Saturday, March 12, 2016

ACC

John Feinstein has a good piece on the dilution of the ACC basketball tournament.  Yes, there's obviously some absurdity in having "ACC" legends like Derrick Coleman or Darrell Griffith (shout out to the old Metro Conference), but I still have some fondness for the tournament.  It's probably due to having grown up in Virginia and the outer DC area when the tournament still meant something.  I still remember my middle school algebra teacher checking out the school library's TV set at the end of the school day on Friday afternoon to watch the early quarterfinal games.

Thursday, March 10, 2016

Bing and Bob

I've been listening to the Bing Crosby and Bob Hope episode of "You Must Remember This."  I like its summary of the "Road" movies as amazingly successful and completely mystifying in its success to modern audiences.

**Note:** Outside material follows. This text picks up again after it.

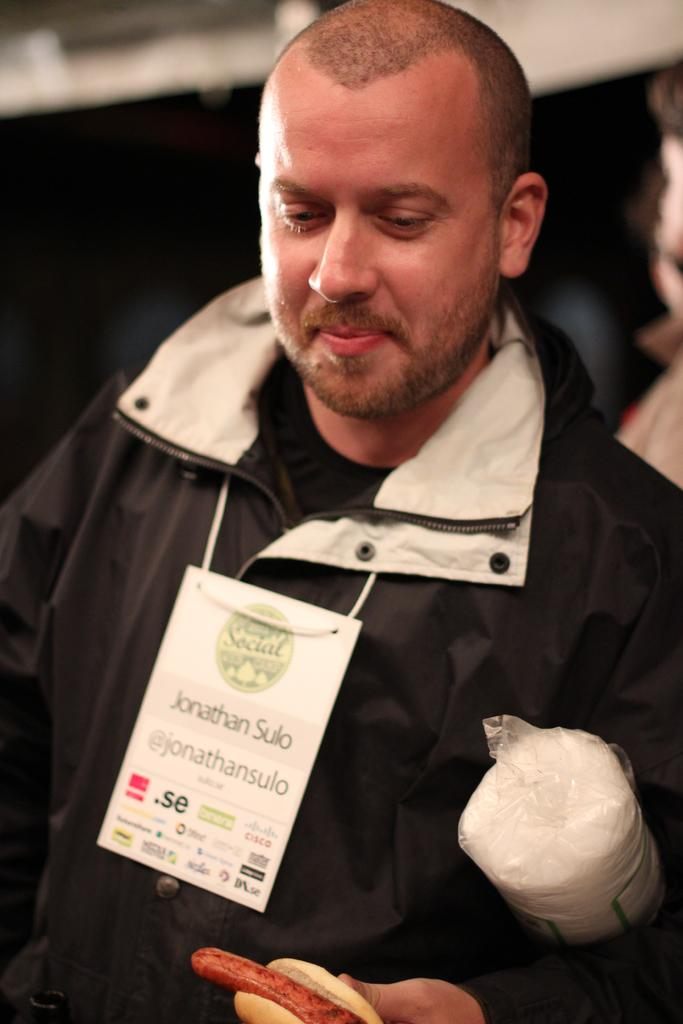What is the main subject of the image? There is a man standing in the image. Can you describe the man's clothing? The man is wearing a black jacket. What is the man holding in his hand? The man is holding something in his hand, but the specific object cannot be identified from the image. How would you describe the background of the image? The background of the image is blurred. What type of leaf can be seen falling in the image? There is no leaf present in the image; it features a man standing with a blurred background. 
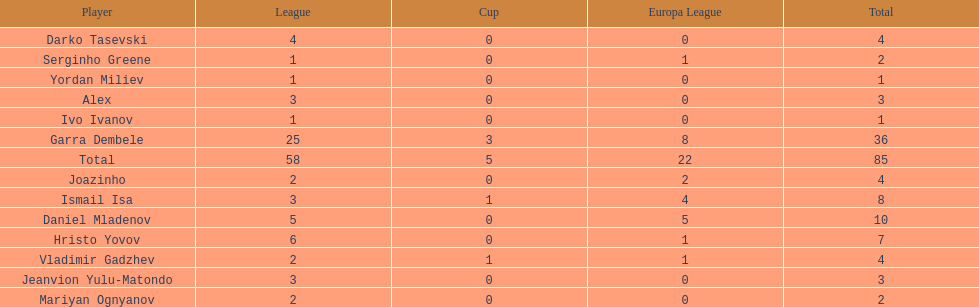Who was the top goalscorer on this team? Garra Dembele.

I was also unaware of this cringe-worthy blackface sequence from "Holiday Inn".  Egad.

Although to Bing's credit, my grandfather was one of the many GI's who loved "White Christmas" as the podcast notes, supposedly breaking down in tears when it was played upon his arrival in the South Pacific's humid summer, far from the wintry peaks of his Cache Valley home.

Wednesday, March 9, 2016

Understatement Is Good

Inspired by a tweet from the blogger formerly known as Kinky Paprika about AC/DC front man Brian Johnson being told to stop touring or face total hearing loss (and wouldn't the true metal response be to pursue the latter?), I happened on this lovely summary from the AC/DC wiki:

"Givin' the Dog a Bone is a song by AC/DC appearing as the fourth track on their 1980 successful album, Back in Black. On original versions of the LP, the song was incorrectly spelled on the album sleeve as "Given the Dog a Bone", but was correctly spelled on the vinyl. The song is about oral sex."

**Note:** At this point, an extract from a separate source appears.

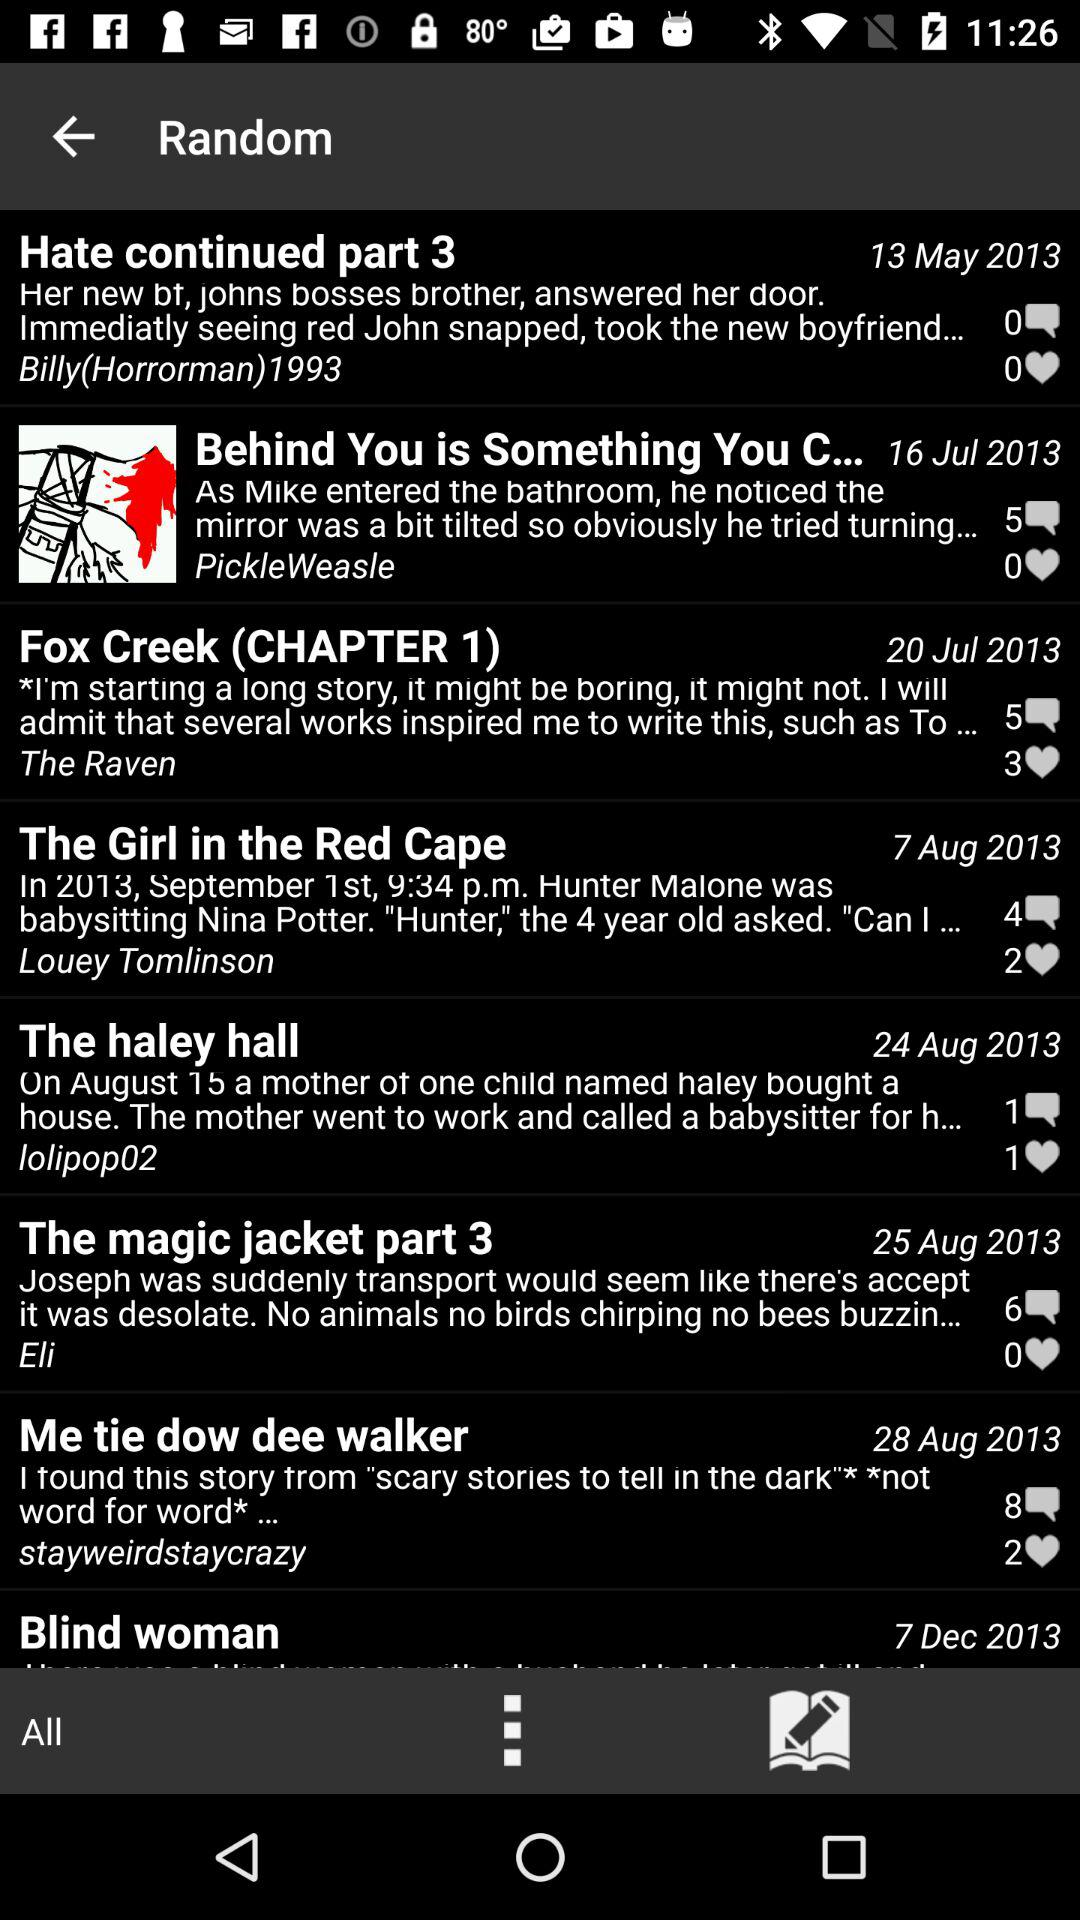How many comments are there for "The haley hall" post? There is 1 comment for "The haley hall" post. 
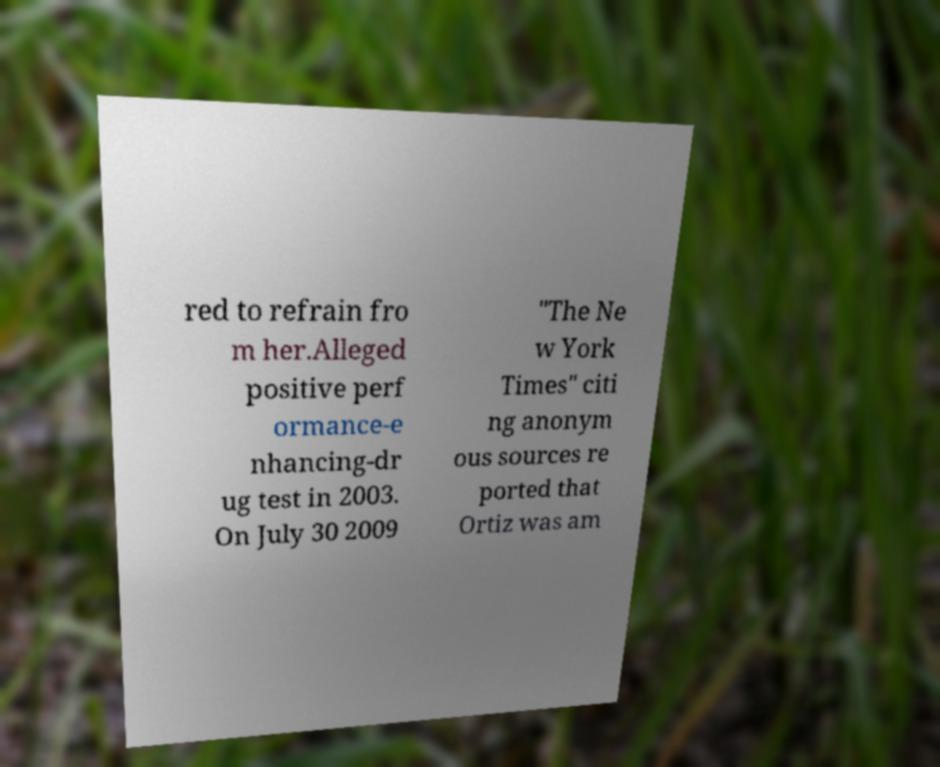Could you assist in decoding the text presented in this image and type it out clearly? red to refrain fro m her.Alleged positive perf ormance-e nhancing-dr ug test in 2003. On July 30 2009 "The Ne w York Times" citi ng anonym ous sources re ported that Ortiz was am

Of course, the lyrics prove that the boys from Down Under truly were the masters of the single entendre:
She takes you down easy
Going down to her knees
Going down to the devil
Down down to ninety degrees
Oh, she's blowing me crazy
'Til my ammunition is dry

Sunday, March 6, 2016

Rocket 88

Thursday or Saturday marked the 65th anniversary of the recording of "Rocket 88", a rhythm and blues song by notorious wifebeater Ike Turner and his Kings of Rhythm.  The pleasant tune is the song most often credited as being the first rock and roll song.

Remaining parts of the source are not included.